Our intercompartment network analysis also points to the airway epithelium and a key zone for lung tissue–BALF crosstalk, which is consistent with the fact that epithelial barrier function disruption and mucus hypersecretion are hallmark features of the response to repeated allergen inhalation. We identified the transcription factor, TFCP2I1 (transcription factor CP2-like protein 1; also known as Crtr-1) as a novel co-ordinating protein node. Notably, it has diverse roles in epithelial cell maturation and modulating β-catenin signaling.[40,41] To our knowledge, a role for TFCP2I1 in allergic lung pathobiology has not been reported, but in kidneys and salivary glands, it is a crucial regulator of epithelial cell maturation.[40] There is evidence from lung cancer studies that TFCP2I1 directly interacts with YWHAZ and protects β-catenin from degradation.[42] YWHAZ, also called 14-3-3ζ, is another protein we predict to be a coordinator of lung tissue–BALF biological responses. It is a binding partner with numerous cytoplasmic and nuclear proteins and modulates signaling associated with apoptosis and cell cycle progression.[43,44] Furthermore, 14-3-3 proteins can bind the 5′ untranslated region of human surfactant protein A2 mRNA, which may be liked to surfactant deficiency in neonatal respiratory distress syndrome.[45] A role for YWHAZ in β-catenin signaling is potentially important in asthma pathobiology, as β-catenin is associated with regulation of TGF-β-regulated cell–cell adhesion and epithelial to mesenchyme transition,[41] and Wnt/β-catenin signaling is a significant determinant of airway remodeling in asthma.[46] Our finding that TFCP2I1 and YWHAZ may be associated with coincident allergic pathobiology in lung tissues and BALF suggests that the initiation and progression of epithelial barrier disruption and tissue remodeling result from an integrated network of pathways that are associated, in part, with TGF-β and Wnt/β-catenin.

Limitations

Interpretation of our study is limited by a number of factors. Though we carefully controlled collection methods to reduce variability, such as minimizing lung tissue damage caused by collecting BALF, we cannot discount that BALF samples included a small fraction of cellular proteins.

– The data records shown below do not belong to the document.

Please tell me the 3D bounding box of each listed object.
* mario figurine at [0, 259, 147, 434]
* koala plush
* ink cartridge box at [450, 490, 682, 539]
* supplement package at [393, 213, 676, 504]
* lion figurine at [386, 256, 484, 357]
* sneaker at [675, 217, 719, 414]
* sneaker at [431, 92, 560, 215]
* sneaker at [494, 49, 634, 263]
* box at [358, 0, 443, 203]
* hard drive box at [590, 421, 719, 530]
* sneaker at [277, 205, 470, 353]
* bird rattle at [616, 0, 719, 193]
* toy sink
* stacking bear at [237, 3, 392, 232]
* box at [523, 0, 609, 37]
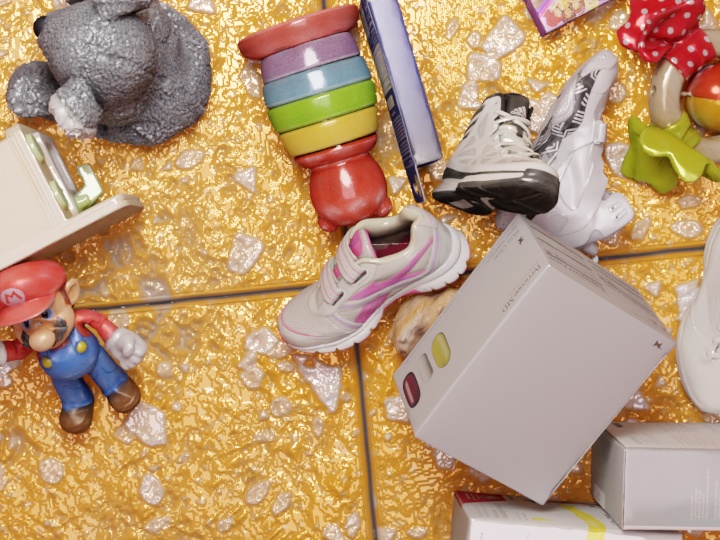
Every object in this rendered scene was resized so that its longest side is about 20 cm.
[{"bbox_3d":[-0.278,0.078,1.326,0.124,0.106,0.200,-50,138,-25],"label":"mario figurine"},{"bbox_3d":[-0.227,-0.196,1.313,0.183,0.200,0.178,26,91,-2],"label":"koala plush"},{"bbox_3d":[0.190,0.267,1.367,0.199,0.145,0.084,5,91,-2],"label":"ink cartridge box"},{"bbox_3d":[0.154,0.082,1.317,0.155,0.111,0.200,30,107,-23],"label":"supplement package"},{"bbox_3d":[0.135,0.064,1.396,0.199,0.072,0.123,28,101,-7],"label":"lion figurine"},{"bbox_3d":[0.356,0.042,1.391,0.075,0.088,0.201,7,92,-3],"label":"sneaker"},{"bbox_3d":[0.132,-0.115,1.330,0.075,0.200,0.116,21,84,-20],"label":"sneaker"},{"bbox_3d":[0.222,-0.105,1.392,0.115,0.075,0.201,29,96,-3],"label":"sneaker"},{"bbox_3d":[0.041,-0.163,1.361,0.032,0.121,0.201,-15,93,-2],"label":"box"},{"bbox_3d":[0.330,0.192,1.363,0.199,0.156,0.077,2,93,-1],"label":"hard drive box"},{"bbox_3d":[0.000,0.000,1.363,0.200,0.081,0.088,-34,135,6],"label":"sneaker"},{"bbox_3d":[0.320,-0.175,1.393,0.162,0.113,0.201,2,89,-22],"label":"bird rattle"},{"bbox_3d":[-0.322,-0.064,1.351,0.199,0.130,0.112,-27,92,0],"label":"toy sink"},{"bbox_3d":[-0.031,-0.140,1.370,0.121,0.114,0.201,-17,97,-1],"label":"stacking bear"},{"bbox_3d":[0.234,-0.334,1.400,0.199,0.039,0.137,-28,93,0],"label":"box"}]
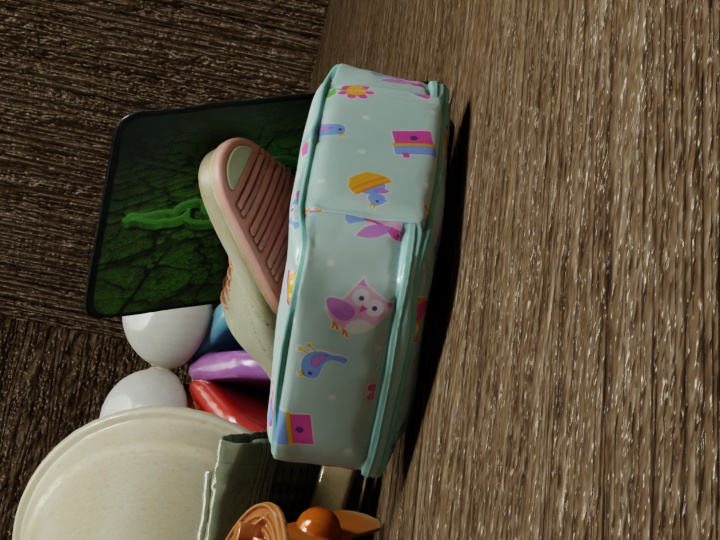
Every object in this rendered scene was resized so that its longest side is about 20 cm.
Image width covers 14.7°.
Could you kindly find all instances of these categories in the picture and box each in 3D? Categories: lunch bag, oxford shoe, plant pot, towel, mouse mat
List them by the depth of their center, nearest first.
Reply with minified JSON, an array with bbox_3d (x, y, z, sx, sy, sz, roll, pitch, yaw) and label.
[{"bbox_3d":[0.000,0.000,1.433,0.200,0.077,0.161,-80,-2,-54],"label":"lunch bag"},{"bbox_3d":[-0.058,0.181,1.545,0.192,0.034,0.201,7,-84,-67],"label":"towel"},{"bbox_3d":[-0.055,0.008,1.570,0.071,0.074,0.200,-63,-40,-40],"label":"oxford shoe"},{"bbox_3d":[-0.054,-0.039,1.576,0.161,0.199,0.008,105,148,-43],"label":"mouse mat"},{"bbox_3d":[-0.128,0.203,1.659,0.184,0.200,0.201,-70,-7,-74],"label":"plant pot"}]

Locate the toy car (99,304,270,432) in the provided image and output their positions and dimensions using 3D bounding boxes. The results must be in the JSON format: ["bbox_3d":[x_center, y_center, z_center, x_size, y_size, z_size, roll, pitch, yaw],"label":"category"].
[{"bbox_3d":[-0.084,0.085,2.056,0.150,0.175,0.201,8,86,52],"label":"toy car"}]

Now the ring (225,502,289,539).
[{"bbox_3d":[-0.075,0.207,1.339,0.200,0.019,0.201,-164,90,-76],"label":"ring"}]

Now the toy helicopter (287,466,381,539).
[{"bbox_3d":[-0.030,0.156,1.460,0.200,0.079,0.133,-72,-5,-51],"label":"toy helicopter"}]
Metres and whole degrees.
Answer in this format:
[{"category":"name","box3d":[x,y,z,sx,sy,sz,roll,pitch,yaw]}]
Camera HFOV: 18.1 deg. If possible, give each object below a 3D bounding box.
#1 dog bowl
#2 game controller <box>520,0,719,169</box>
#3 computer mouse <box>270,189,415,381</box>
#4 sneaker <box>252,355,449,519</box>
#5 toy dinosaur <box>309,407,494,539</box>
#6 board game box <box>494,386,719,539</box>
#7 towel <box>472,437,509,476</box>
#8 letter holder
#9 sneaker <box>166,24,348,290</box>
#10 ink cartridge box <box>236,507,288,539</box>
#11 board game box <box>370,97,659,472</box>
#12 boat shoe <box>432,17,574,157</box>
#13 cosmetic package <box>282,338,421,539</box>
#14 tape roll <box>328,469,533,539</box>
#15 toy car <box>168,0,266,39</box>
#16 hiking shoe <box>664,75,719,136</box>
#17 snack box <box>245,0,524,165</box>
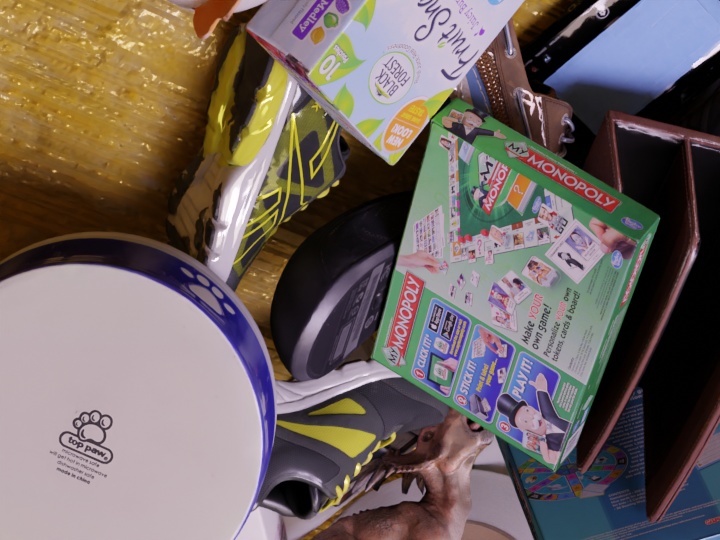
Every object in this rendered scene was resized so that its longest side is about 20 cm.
[{"category":"dog bowl","box3d":[-0.147,0.083,1.250,0.199,0.079,0.201,0,102,1]},{"category":"game controller","box3d":[0.166,-0.133,1.349,0.200,0.042,0.104,-40,134,15]},{"category":"computer mouse","box3d":[0.000,0.000,1.355,0.200,0.053,0.139,-34,152,-52]},{"category":"sneaker","box3d":[-0.026,0.109,1.372,0.199,0.085,0.074,-8,159,-34]},{"category":"toy dinosaur","box3d":[0.009,0.176,1.432,0.199,0.136,0.086,-26,156,-16]},{"category":"board game box","box3d":[0.174,0.126,1.434,0.150,0.200,0.047,-16,126,-1]},{"category":"towel","box3d":[0.153,0.125,1.589,0.199,0.031,0.150,-4,136,-12]},{"category":"letter holder","box3d":[0.161,0.034,1.330,0.100,0.143,0.200,13,131,-9]},{"category":"sneaker","box3d":[-0.051,-0.050,1.300,0.084,0.075,0.201,3,130,-26]},{"category":"ink cartridge box","box3d":[-0.106,0.190,1.453,0.116,0.067,0.201,-10,111,7]},{"category":"board game box","box3d":[0.083,0.012,1.287,0.029,0.134,0.200,-44,158,-39]},{"category":"boat shoe","box3d":[0.086,-0.081,1.305,0.072,0.072,0.201,-26,115,-11]},{"category":"cosmetic package","box3d":[-0.045,0.131,1.505,0.200,0.051,0.082,-41,133,17]},{"category":"tape roll","box3d":[0.065,0.218,1.493,0.202,0.203,0.037,-13,136,-11]},{"category":"toy car","box3d":[-0.065,-0.199,1.070,0.184,0.200,0.177,14,125,-34]},{"category":"hiking shoe","box3d":[0.212,-0.058,1.393,0.076,0.101,0.200,21,126,-36]},{"category":"snack box","box3d":[0.042,-0.167,1.179,0.200,0.053,0.142,-51,154,-1]}]
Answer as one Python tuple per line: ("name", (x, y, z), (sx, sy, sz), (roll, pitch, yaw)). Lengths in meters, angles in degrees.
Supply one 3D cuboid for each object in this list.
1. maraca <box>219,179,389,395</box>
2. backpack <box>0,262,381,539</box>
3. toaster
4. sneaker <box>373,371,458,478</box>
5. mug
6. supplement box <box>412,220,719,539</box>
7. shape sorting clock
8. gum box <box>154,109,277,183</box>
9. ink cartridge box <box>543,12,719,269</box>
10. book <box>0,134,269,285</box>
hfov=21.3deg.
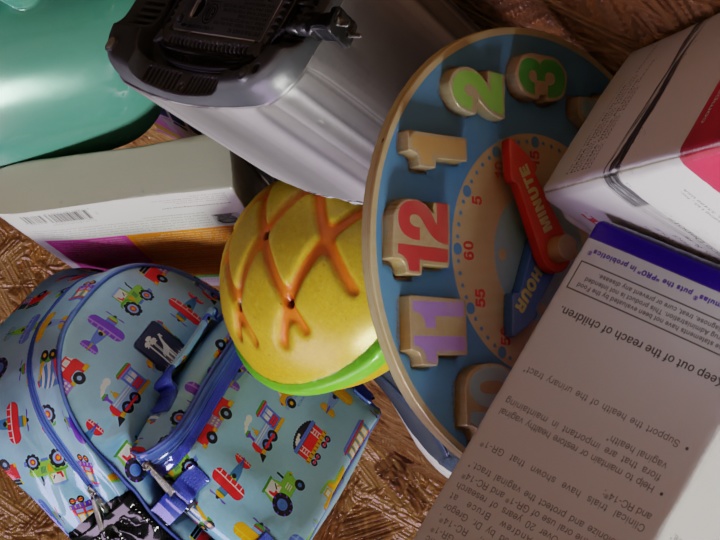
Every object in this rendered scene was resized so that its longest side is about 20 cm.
("maraca", (0.000, 0.000, 1.009), (0.106, 0.139, 0.199), (25, 161, -39))
("backpack", (-0.112, 0.080, 1.103), (0.200, 0.183, 0.134), (47, 136, -9))
("toaster", (-0.020, -0.104, 0.923), (0.129, 0.115, 0.199), (34, 168, -36))
("sneaker", (0.035, 0.051, 1.139), (0.202, 0.077, 0.146), (42, 174, 25))
("mug", (-0.160, -0.134, 1.052), (0.185, 0.113, 0.154), (-135, 36, -62))
("supplement box", (0.104, 0.099, 0.781), (0.103, 0.201, 0.101), (24, 169, 39))
("shape sorting clock", (0.079, -0.007, 0.846), (0.199, 0.201, 0.039), (36, 155, -28))
("gum box", (-0.036, -0.084, 1.184), (0.199, 0.067, 0.114), (30, 169, 10))
("ink cartridge box", (0.177, -0.031, 0.751), (0.145, 0.084, 0.200), (33, 171, -10))
("book", (-0.120, -0.028, 1.123), (0.132, 0.049, 0.200), (-7, 168, 6))
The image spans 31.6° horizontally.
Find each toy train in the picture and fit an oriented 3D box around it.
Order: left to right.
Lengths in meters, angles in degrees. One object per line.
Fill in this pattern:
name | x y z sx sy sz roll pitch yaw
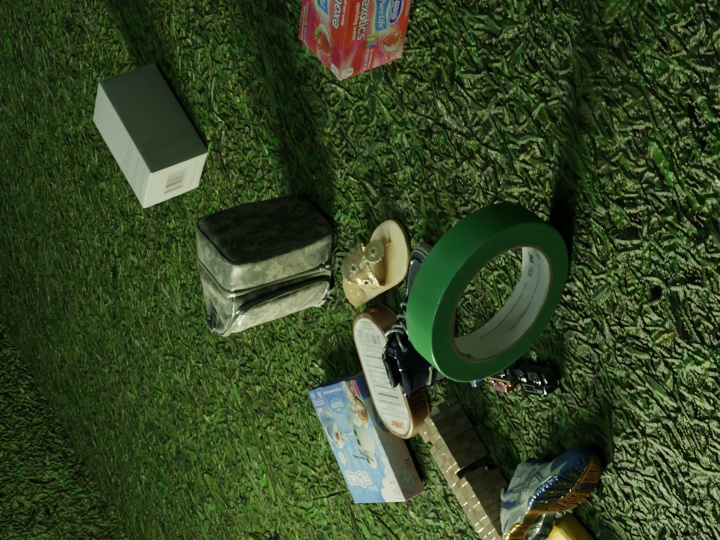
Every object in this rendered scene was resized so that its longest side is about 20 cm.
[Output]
toy train | 0.179 0.130 1.595 0.199 0.034 0.046 5 127 59

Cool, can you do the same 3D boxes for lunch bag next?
lunch bag | -0.140 -0.001 1.895 0.139 0.198 0.170 45 142 40

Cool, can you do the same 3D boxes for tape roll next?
tape roll | 0.141 0.025 1.398 0.048 0.199 0.203 39 142 42

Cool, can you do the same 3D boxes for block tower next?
block tower | 0.152 0.277 1.730 0.201 0.053 0.058 59 153 16

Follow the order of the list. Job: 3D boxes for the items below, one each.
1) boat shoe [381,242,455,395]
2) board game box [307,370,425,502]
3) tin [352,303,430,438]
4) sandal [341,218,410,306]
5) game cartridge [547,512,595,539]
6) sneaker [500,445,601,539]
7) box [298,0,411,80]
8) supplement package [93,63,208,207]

In addition, though collecting lavage fluid does remove immune cells from the airways, there is a resident population of immune cells found throughout the lung tissue that is known to match the proportions found in BALF.[47] We also only collected samples at one time point (48 h after the final allergen challenge), a strategic choice, as this is when lung dysfunction is greatest. Thus, our work provides only a snapshot of the proteome response, and future studies should adopt a design to assess temporal patterns of the response to HDM challenge. We also only used a single allergen, HDM, but this was a strategic selection as HDM is a common human aeroallergen and has a complex composition that includes multiple allergens, proteases, and toxins, therefore offers the advantage of inducing inflammation of a broad profile.[7,8]

Summary

We characterized the proteome of lung tissues and BALF from HDM-challenged mice that mimic allergic asthma pathophysiology. Using matched samples from individual animals, our work reveals that lung tissue and BALF proteomes are diverse, and that integrating both datasets reveals additional novel biological processes and protein interaction nodes, in particular highlighting transcriptional regulation as a key integrating parameter for coincident pathobiology in lung tissues and extracellular spaces of the lung. This work provides a resource and approach for identifying new proteins and pathways and a basis to interrogate interactions between sample compartments to identify mechanisms for airway pathophysiology and, perhaps, new targets for developing therapeutic approaches.

Methods

Animal Experiments

Murine HDM Allergen Challenge

All animal experiments were planned and performed following the approved protocols and guidelines of the animal ethics board at the University of Manitoba. Female, 8-week old BALB/c mice (6–8 weeks, n = 3) were intranasally challenged with HDM (25 μg per mouse, 35 μL saline) five times a week for 2 weeks (Supporting Information, Figure S4). HDM extract (Greer Labs; Lenoir, NC) was prepared in sterile phosphate-buffered saline (pH 7.4; Life Technologies; Waltham, MA). The HDM extract we used contained 36 000 endotoxin units (EU; 7877 EU/mg of protein or 196.9 EU/dose) and 4.9% Der p 1 protein per vial.

Lung Function, Inflammatory Differential Cell Counts, and Sample Collection

Lung function was performed 48 h after the last HDM challenge. Mice were anesthetized with sodium pentobarbital (90 mg/kg) given intraperitoneally and tracheotomized with a 20-gauge polyethylene catheter. The catheter was connected to a flexiVent small animal ventilator (Scireq; Montréal, Canada) and mechanically ventilated with a tidal volume of 10 mL/kg body weight, 150 times/min. Forced oscillation technique and positive end expiratory pressure of 3 cm·H2O was used for the entire study. A nebulized methacholine (MCh) challenge (0–50 mg/mL) was administered to assess concentration-dependent response of the respiratory mechanics. Values for each parameter (newtonian resistance, Rn; peripheral tissue damping, G; tissue elastance, H; total resistance, R) were calculated as the peak of all 12 perturbation cycles performed after each MCh challenge. Statistical analysis was conducted using a two-way nested analysis of variance (ANOVA) with Tukey’s multiple comparison and false discovery rate (FDR) correction (performed in R).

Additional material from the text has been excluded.